Genetic mutations are permanent modifications to the DNA sequence of an organism and are often viewed as errors as they most often adversely affect an organism’s survival. Mutations that are not the cause of diseases or other deleterious effects may be neutral (of no effect) or offer increased survivability to the individual, population, or species in which it occurs. While it is generally accepted that the majority of mutations are either neutral or deleterious, the ones that are beneficial are often of significant importance to the survival of organisms, population, and species. Mutations, therefore, can be viewed as a genetic lottery system in which the survivability of the species, not the individual, is increased over time as its random mutations are exposed to non-random selection processes. This is a deliberate design to allow species to increase genetic diversity over time.

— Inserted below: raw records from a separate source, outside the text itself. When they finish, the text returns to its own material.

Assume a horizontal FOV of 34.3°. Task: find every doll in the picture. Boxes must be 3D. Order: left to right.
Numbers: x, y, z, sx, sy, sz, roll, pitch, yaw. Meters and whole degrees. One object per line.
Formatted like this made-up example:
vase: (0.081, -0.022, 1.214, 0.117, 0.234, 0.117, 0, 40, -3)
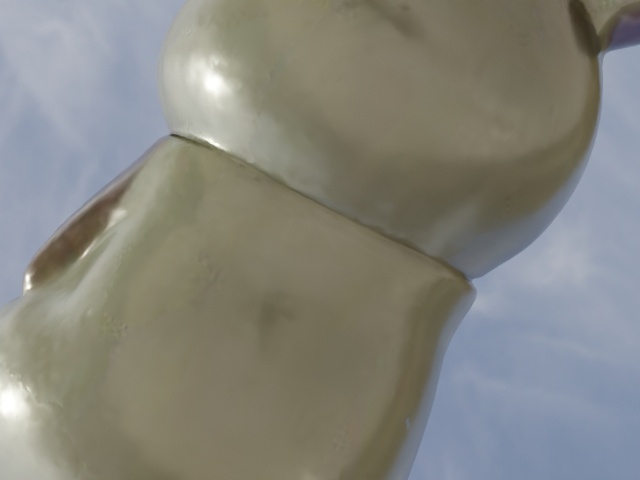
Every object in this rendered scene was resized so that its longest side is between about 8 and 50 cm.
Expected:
doll: (-0.015, 0.010, 0.499, 0.215, 0.226, 0.370, 29, -93, -19)
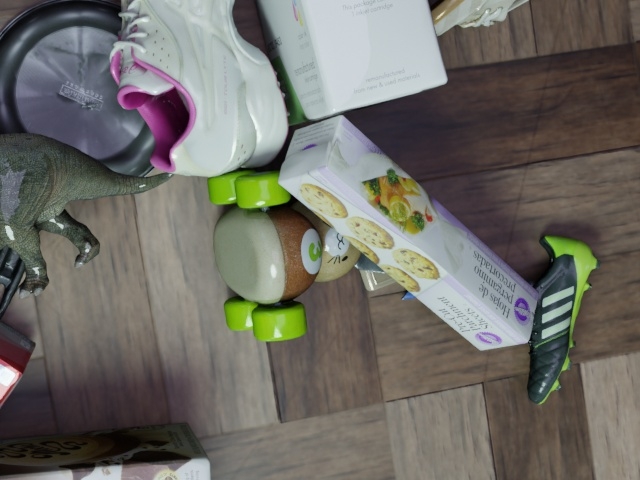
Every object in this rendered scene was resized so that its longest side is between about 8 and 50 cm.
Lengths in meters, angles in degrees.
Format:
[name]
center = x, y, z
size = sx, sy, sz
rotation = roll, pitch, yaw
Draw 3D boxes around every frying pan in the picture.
[frying pan]
center = -0.274, -0.094, 1.222
size = 0.197, 0.053, 0.326
rotation = 46, 80, -10

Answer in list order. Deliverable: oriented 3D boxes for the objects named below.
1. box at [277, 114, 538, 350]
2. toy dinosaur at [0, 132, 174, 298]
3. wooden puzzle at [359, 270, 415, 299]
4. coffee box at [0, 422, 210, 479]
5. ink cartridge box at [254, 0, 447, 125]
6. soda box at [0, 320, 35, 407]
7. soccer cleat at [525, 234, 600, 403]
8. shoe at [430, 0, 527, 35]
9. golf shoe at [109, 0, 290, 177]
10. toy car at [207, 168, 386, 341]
[box]
center = 0.093, 0.000, 1.228
size = 0.324, 0.067, 0.063
rotation = 40, 54, -34
[toy dinosaur]
center = -0.294, -0.030, 1.148
size = 0.314, 0.121, 0.160
rotation = -14, 112, 7
[wooden puzzle]
center = 0.071, 0.009, 1.318
size = 0.079, 0.014, 0.116
rotation = -13, 95, -7
[coffee box]
center = -0.257, 0.252, 1.179
size = 0.297, 0.168, 0.119
rotation = -4, 94, -13
[ink cartridge box]
center = -0.005, -0.295, 1.185
size = 0.119, 0.207, 0.353
rotation = -16, 95, -12
[soda box]
center = -0.399, 0.069, 1.171
size = 0.263, 0.092, 0.083
rotation = 35, 100, -12
[soccer cleat]
center = 0.237, 0.082, 1.339
size = 0.072, 0.060, 0.179
rotation = 17, 83, -3
[shoe]
center = 0.198, -0.261, 1.298
size = 0.219, 0.076, 0.058
rotation = -32, 94, -11
[golf shoe]
center = -0.142, -0.200, 1.181
size = 0.140, 0.115, 0.306
rotation = -23, 86, -35
[toy car]
center = 0.000, 0.000, 1.245
size = 0.188, 0.149, 0.155
rotation = -10, 98, -23
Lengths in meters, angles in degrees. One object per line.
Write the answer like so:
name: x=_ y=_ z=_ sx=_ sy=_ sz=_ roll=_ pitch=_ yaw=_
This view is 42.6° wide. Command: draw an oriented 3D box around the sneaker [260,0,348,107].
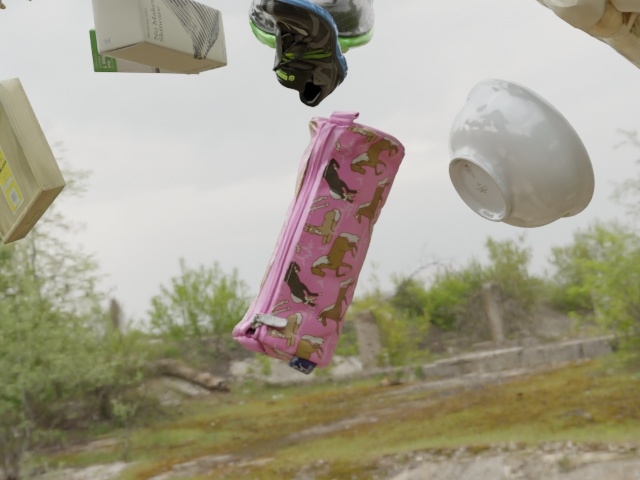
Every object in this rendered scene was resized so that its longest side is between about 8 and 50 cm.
sneaker: x=-0.020 y=-0.211 z=0.919 sx=0.067 sy=0.078 sz=0.188 roll=28 pitch=-12 yaw=25

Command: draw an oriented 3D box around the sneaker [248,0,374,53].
sneaker: x=0.007 y=-0.432 z=1.135 sx=0.185 sy=0.482 sz=0.202 roll=5 pitch=-39 yaw=7

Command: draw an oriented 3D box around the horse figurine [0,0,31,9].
horse figurine: x=-0.613 y=-0.486 z=1.505 sx=0.066 sy=0.263 sz=0.174 roll=20 pitch=-47 yaw=10

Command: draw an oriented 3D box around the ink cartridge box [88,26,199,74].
ink cartridge box: x=-0.334 y=-0.400 z=1.667 sx=0.220 sy=0.092 sz=0.160 roll=3 pitch=26 yaw=6

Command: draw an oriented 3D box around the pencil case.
pencil case: x=0.000 y=0.000 z=1.244 sx=0.160 sy=0.386 sz=0.167 roll=21 pitch=-1 yaw=-7

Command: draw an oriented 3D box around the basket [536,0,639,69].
basket: x=0.189 y=-0.246 z=0.433 sx=0.328 sy=0.331 sz=0.266 roll=14 pitch=-61 yaw=-41

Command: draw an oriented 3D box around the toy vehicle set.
toy vehicle set: x=-0.459 y=-0.108 z=1.214 sx=0.035 sy=0.166 sz=0.267 roll=-23 pitch=-3 yaw=-35

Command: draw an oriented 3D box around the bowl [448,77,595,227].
bowl: x=0.323 y=-0.126 z=1.449 sx=0.134 sy=0.298 sz=0.298 roll=-39 pitch=2 yaw=-18

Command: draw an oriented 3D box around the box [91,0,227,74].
box: x=-0.272 y=-0.365 z=1.427 sx=0.094 sy=0.113 sz=0.275 roll=-7 pitch=2 yaw=23
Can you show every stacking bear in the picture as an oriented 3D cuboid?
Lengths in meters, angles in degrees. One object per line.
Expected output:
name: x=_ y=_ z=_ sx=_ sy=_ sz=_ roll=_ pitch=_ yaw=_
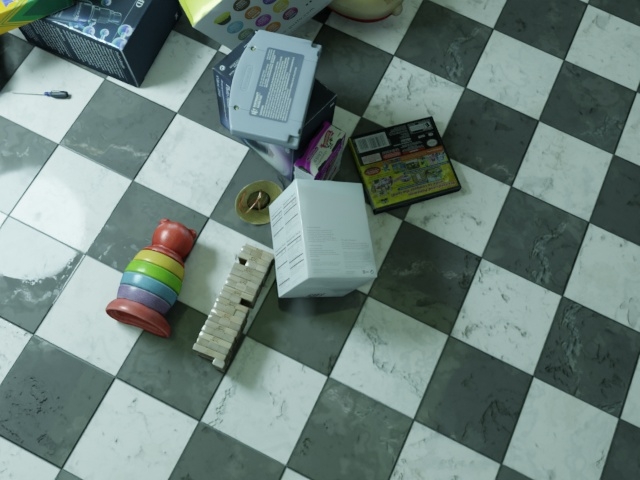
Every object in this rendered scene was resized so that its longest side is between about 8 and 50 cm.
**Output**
stacking bear: x=-0.429 y=0.082 z=1.667 sx=0.175 sy=0.164 sz=0.289 roll=19 pitch=67 yaw=3

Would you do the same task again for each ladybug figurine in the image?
ladybug figurine: x=0.086 y=-0.848 z=2.000 sx=0.305 sy=0.162 sz=0.449 roll=-39 pitch=78 yaw=-14

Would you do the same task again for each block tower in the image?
block tower: x=-0.228 y=0.173 z=1.678 sx=0.097 sy=0.091 sz=0.336 roll=21 pitch=71 yaw=4

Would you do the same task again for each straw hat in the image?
straw hat: x=-0.180 y=-0.119 z=1.791 sx=0.144 sy=0.145 sz=0.061 roll=-25 pitch=32 yaw=-11

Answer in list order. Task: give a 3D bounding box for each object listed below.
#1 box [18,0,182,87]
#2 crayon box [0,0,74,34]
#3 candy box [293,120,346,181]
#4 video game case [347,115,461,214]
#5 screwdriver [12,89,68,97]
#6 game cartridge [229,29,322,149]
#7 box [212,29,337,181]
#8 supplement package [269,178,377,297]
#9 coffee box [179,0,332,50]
box: x=-0.666 y=-0.690 z=1.869 sx=0.395 sy=0.212 sz=0.294 roll=23 pitch=74 yaw=4
crayon box: x=-0.868 y=-0.676 z=1.705 sx=0.322 sy=0.083 sz=0.203 roll=-27 pitch=77 yaw=-8
candy box: x=-0.006 y=-0.202 z=1.741 sx=0.071 sy=0.233 sz=0.159 roll=32 pitch=73 yaw=7
video game case: x=0.247 y=-0.226 z=1.871 sx=0.274 sy=0.035 sz=0.249 roll=-16 pitch=73 yaw=-10
screwdriver: x=-0.837 y=-0.436 z=1.878 sx=0.169 sy=0.024 sz=0.025 roll=-1 pitch=43 yaw=-2
game cartridge: x=-0.120 y=-0.381 z=1.579 sx=0.197 sy=0.062 sz=0.298 roll=11 pitch=72 yaw=4
box: x=-0.128 y=-0.363 z=1.754 sx=0.294 sy=0.296 sz=0.183 roll=40 pitch=73 yaw=10
supplement package: x=0.000 y=0.000 z=1.667 sx=0.199 sy=0.198 sz=0.263 roll=1 pitch=70 yaw=-26
coffee box: x=-0.221 y=-0.785 z=1.808 sx=0.337 sy=0.334 sz=0.338 roll=-33 pitch=74 yaw=19
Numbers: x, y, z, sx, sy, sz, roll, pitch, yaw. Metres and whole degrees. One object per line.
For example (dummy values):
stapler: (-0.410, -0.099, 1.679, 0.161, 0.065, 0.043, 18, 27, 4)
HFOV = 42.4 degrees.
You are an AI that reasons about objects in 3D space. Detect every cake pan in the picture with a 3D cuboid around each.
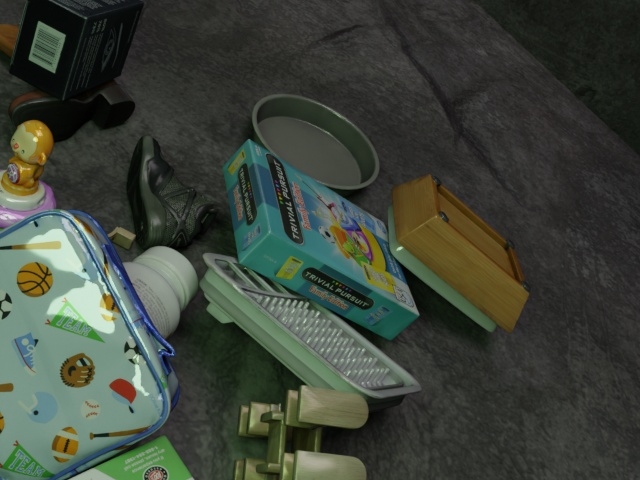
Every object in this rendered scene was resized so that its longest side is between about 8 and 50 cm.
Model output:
cake pan: (-0.017, -0.194, 1.726, 0.293, 0.054, 0.293, 20, 39, -17)

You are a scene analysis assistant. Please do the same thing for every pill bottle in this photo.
pill bottle: (-0.270, 0.105, 1.142, 0.131, 0.131, 0.229, 36, 37, 4)

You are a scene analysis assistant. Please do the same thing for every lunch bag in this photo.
lunch bag: (-0.306, 0.125, 0.961, 0.303, 0.243, 0.115, 63, -3, -2)

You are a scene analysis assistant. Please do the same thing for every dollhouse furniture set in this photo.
dollhouse furniture set: (-0.002, 0.316, 1.045, 0.161, 0.212, 0.242, 13, 68, -23)

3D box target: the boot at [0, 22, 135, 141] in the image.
boot: (-0.506, -0.307, 1.464, 0.280, 0.096, 0.264, 43, 38, 15)

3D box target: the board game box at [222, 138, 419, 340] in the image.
board game box: (0.000, 0.000, 1.405, 0.336, 0.079, 0.253, 30, 27, -33)

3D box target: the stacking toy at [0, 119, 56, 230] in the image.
stacking toy: (-0.394, -0.027, 1.054, 0.166, 0.301, 0.175, -13, 53, -44)

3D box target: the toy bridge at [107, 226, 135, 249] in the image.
toy bridge: (-0.347, 0.034, 1.254, 0.063, 0.026, 0.188, 28, 37, -5)

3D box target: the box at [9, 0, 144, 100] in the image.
box: (-0.408, -0.346, 1.395, 0.108, 0.153, 0.207, 28, 26, 3)

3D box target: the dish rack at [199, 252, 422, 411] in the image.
dish rack: (-0.022, 0.147, 1.224, 0.333, 0.072, 0.285, 37, 7, 23)

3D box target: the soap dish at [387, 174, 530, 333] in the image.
soap dish: (0.262, 0.018, 1.569, 0.291, 0.118, 0.229, 39, 23, -16)

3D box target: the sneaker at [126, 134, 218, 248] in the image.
sneaker: (-0.254, -0.078, 1.401, 0.130, 0.087, 0.227, 7, 47, -33)

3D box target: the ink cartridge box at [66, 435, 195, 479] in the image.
ink cartridge box: (-0.191, 0.385, 0.897, 0.201, 0.117, 0.278, -17, 60, -46)
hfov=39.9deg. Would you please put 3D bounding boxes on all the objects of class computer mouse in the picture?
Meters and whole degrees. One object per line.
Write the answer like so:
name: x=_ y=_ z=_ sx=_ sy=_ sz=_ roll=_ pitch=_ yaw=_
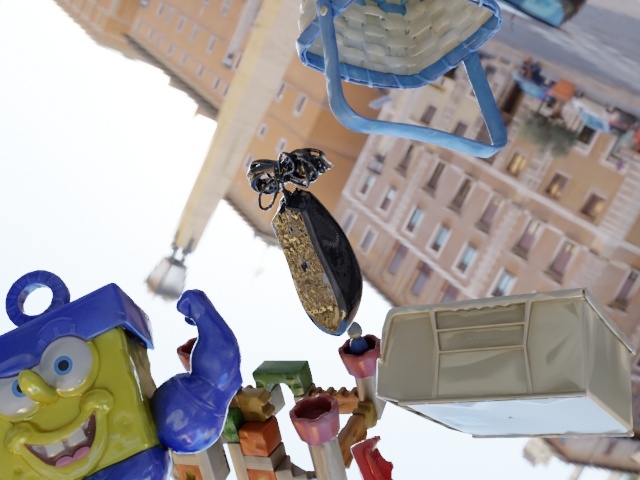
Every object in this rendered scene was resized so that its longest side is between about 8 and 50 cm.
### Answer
computer mouse: x=0.000 y=0.000 z=1.244 sx=0.072 sy=0.272 sz=0.188 roll=-23 pitch=-173 yaw=-31

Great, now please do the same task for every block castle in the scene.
block castle: x=-0.125 y=0.290 z=1.643 sx=0.453 sy=0.213 sz=0.303 roll=-3 pitch=-158 yaw=27

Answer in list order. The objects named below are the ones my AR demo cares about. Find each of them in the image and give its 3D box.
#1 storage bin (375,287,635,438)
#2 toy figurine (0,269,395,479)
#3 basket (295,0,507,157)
storage bin: x=0.239 y=0.167 z=1.110 sx=0.260 sy=0.123 sz=0.262 roll=-8 pitch=157 yaw=29
toy figurine: x=-0.154 y=0.130 z=0.516 sx=0.191 sy=0.362 sz=0.217 roll=64 pitch=-179 yaw=-74
basket: x=0.104 y=-0.243 z=1.075 sx=0.255 sy=0.201 sz=0.289 roll=9 pitch=-124 yaw=-35
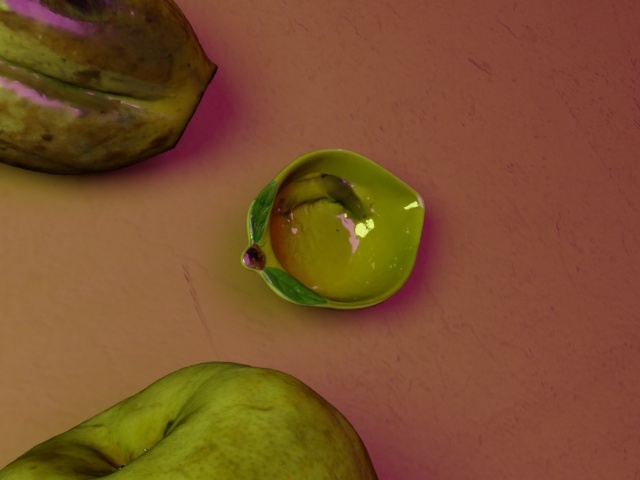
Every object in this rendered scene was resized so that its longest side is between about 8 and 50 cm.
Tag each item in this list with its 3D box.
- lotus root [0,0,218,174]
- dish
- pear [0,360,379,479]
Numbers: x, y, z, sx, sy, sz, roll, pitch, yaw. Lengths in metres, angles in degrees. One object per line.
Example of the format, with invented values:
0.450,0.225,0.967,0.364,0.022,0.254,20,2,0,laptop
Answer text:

In whatever cells gene mutations occur and whatever the results of genetic recombination are, the expression of these genes is environmentally modulated through epigenetic influences. We can view genetic recombination as designed to affect the survivability of the individual. Epigenetic effects on genes that result in differences in the expressions of those genes (phenotypic plasticity) may be viewed as having been designed to affect the ensuing generations or populations exposed to a catastrophe. Random gene mutations and the nonrandom selection processes that act on them may be designed to affect the survivability of a species over time for the long term. These processes are specifically designed to enable, respectively, individuals, populations, and species to survive in an ever-changing environment and to adapt to catastrophic events, be they a global flood, volcanic eruption, drought, severe heat, extreme cold, or another environmental stress.

NOTES

[1] K Dorst, K van Overveld. Typologies of Design Practice. In: Meijers AWM, editor. Philosophy of technology and engineering sciences, Amsterdam (The Netherlands): Elsevier 2009; p. 457.

[2] R Frankham. Genetics and extinction. Biological Conservation 2005; 126(2):131–140.

[3] CD Schlichting. The role of phenotypic plasticity in diversification. In: DeWitt TJ, Scheiner SM, editors. Phenotypic plasticity: functional and conceptual approaches, Oxford (UK): Oxford University Press; 2004, pp. 191–200; AP Moc-zek. Phenotypic plasticity and diversity in insects. Philosophical Transactions of the Royal Society B–Biological Sciences 2010; 365(1540):593–603.

[4] A Varriale. DNA methylation, epigenetics, and evolution in vertebrates: facts and challenges. International Journal of Evolutionary Biology 2014; Article ID 475981.

[5] A Boyko, I Kovalchuk. Genome instability and epigenetic modification— heritable responses to environmental stress? Current opinion in plant biology 2011; 14(3):260–266.

Delano S. Lewis is an associate professor at Burman University and holds a PhD degree in Entomology from the University of Florida. He is an insect systematist who specializes in Lepidoptera (moth/butterfly) taxonomy, systematics, phylogenetics, and diversity. He publishes mainly on insects but has published on Jamaican Iguanas, Indian Mongoose, and a possible biorational pesticide, among other things.